**Collection entries:**
━━━

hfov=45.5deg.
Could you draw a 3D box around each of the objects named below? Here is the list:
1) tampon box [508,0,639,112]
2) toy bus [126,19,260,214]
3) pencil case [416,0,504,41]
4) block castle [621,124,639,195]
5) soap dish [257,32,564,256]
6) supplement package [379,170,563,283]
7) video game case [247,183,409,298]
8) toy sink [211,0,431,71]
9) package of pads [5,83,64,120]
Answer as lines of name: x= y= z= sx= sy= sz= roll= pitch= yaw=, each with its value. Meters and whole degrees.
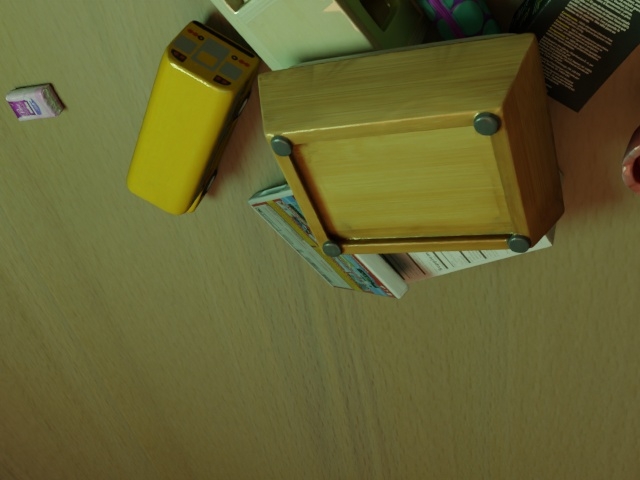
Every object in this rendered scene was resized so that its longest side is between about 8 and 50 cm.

━━━

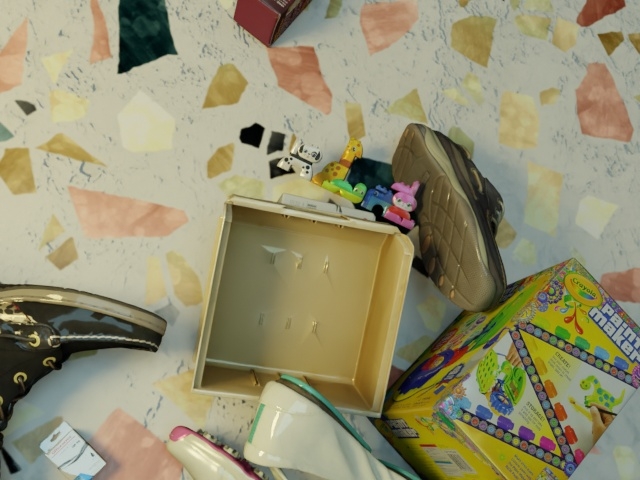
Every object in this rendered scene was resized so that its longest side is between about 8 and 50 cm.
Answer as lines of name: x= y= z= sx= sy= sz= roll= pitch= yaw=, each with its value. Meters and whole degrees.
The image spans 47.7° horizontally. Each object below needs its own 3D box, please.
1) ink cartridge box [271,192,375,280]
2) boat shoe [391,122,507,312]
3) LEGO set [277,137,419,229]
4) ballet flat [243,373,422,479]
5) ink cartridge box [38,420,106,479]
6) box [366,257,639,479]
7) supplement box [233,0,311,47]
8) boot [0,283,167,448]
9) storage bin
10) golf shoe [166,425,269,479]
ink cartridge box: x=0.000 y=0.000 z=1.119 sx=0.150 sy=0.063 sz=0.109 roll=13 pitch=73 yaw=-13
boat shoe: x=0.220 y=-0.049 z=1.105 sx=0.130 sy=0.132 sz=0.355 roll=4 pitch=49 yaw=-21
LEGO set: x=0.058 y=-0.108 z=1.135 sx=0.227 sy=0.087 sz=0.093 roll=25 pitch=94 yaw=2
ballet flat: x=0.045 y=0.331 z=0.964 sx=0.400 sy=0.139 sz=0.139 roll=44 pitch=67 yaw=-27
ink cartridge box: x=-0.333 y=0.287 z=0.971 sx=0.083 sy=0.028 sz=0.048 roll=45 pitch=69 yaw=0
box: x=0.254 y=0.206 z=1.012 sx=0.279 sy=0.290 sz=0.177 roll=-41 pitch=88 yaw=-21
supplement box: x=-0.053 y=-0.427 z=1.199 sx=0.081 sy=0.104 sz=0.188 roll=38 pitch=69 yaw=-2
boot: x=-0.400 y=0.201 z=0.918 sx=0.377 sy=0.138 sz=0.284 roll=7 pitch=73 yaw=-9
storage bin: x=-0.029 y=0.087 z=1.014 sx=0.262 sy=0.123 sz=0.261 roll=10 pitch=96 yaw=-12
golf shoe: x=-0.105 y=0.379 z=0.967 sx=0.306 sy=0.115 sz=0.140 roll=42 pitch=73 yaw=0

━━━

**TASK ITEM:** Your answer must consist solely of the lines above between the line holding "2) boat shoe [391,122,507,312]" and the line holding "9) storage bin", inclusive, copied exactly.

**OUTPUT:**
2) boat shoe [391,122,507,312]
3) LEGO set [277,137,419,229]
4) ballet flat [243,373,422,479]
5) ink cartridge box [38,420,106,479]
6) box [366,257,639,479]
7) supplement box [233,0,311,47]
8) boot [0,283,167,448]
9) storage bin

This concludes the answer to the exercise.